• [About this task] From the records below, transcribe only the lines running from the one with "Assume a horizontal" through the one with "1. tray [769, 913, 1561, 1249]". Keep both of those end lines.

• [Data records]
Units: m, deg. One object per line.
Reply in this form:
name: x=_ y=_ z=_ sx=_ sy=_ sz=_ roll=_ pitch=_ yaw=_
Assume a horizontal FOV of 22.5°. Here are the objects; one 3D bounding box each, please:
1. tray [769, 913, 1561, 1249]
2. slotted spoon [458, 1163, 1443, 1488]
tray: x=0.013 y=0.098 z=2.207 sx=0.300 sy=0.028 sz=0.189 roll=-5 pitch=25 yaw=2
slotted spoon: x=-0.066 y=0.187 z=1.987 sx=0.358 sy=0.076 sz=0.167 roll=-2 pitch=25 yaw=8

* * *

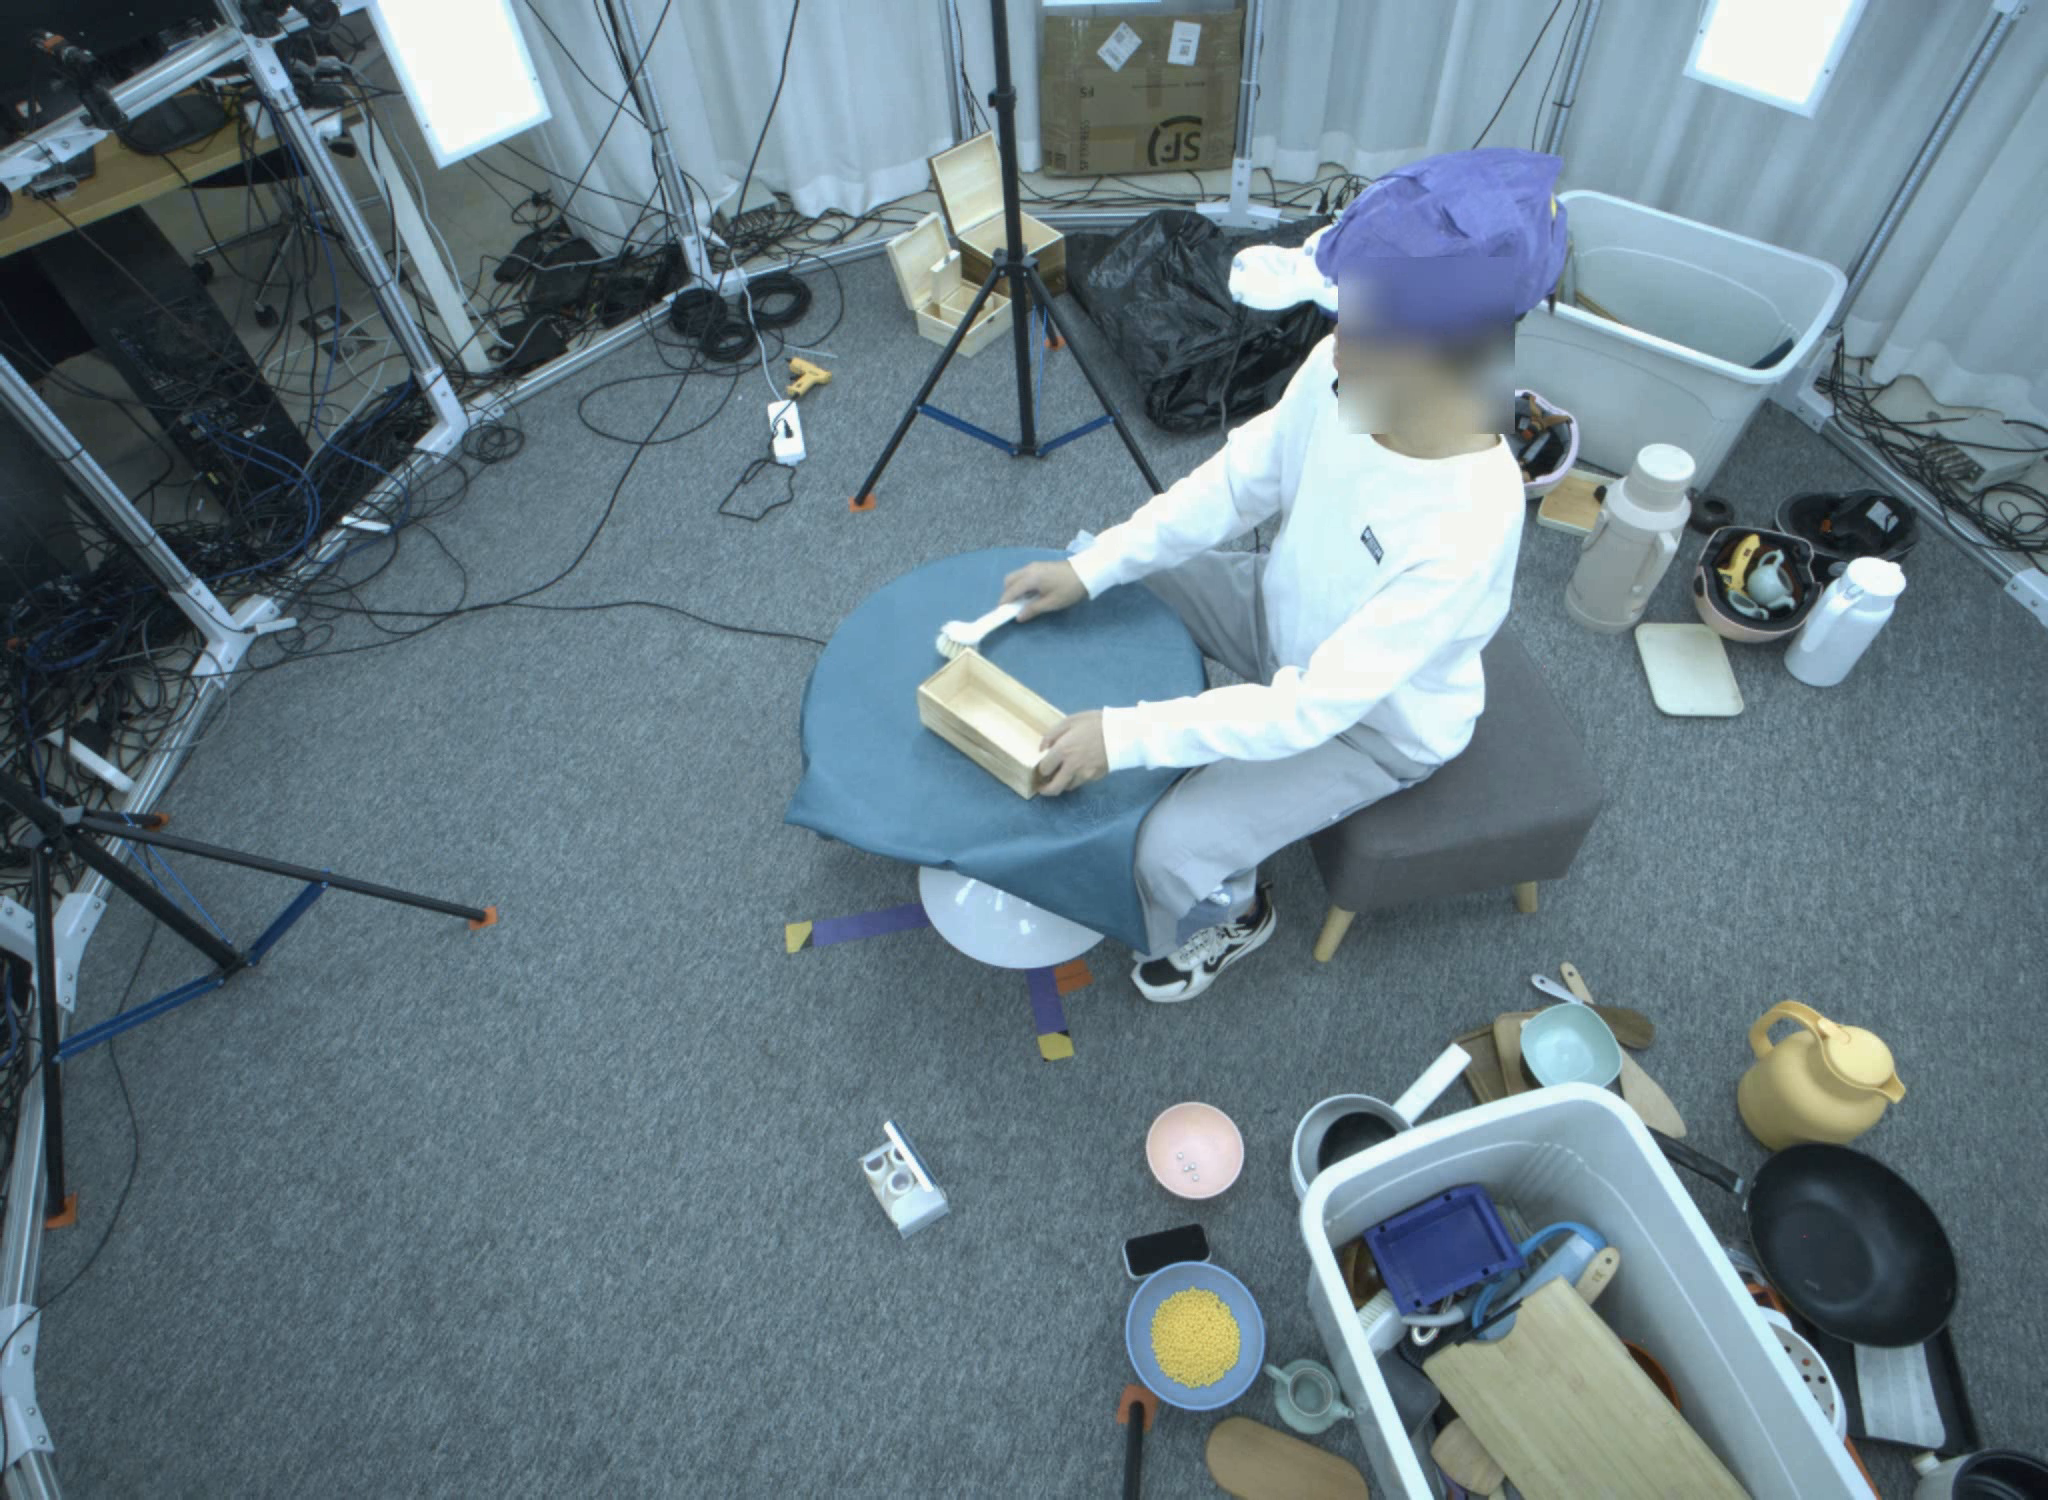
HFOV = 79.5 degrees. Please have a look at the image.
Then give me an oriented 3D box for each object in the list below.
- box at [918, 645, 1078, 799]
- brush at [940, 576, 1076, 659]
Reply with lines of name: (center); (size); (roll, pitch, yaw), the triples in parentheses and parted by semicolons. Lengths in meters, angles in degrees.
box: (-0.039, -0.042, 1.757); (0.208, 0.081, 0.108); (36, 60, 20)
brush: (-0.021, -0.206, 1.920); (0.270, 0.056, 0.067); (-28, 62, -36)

• [Reply to the exercise]
Assume a horizontal FOV of 22.5°. Here are the objects; one 3D bounding box each, please:
1. tray [769, 913, 1561, 1249]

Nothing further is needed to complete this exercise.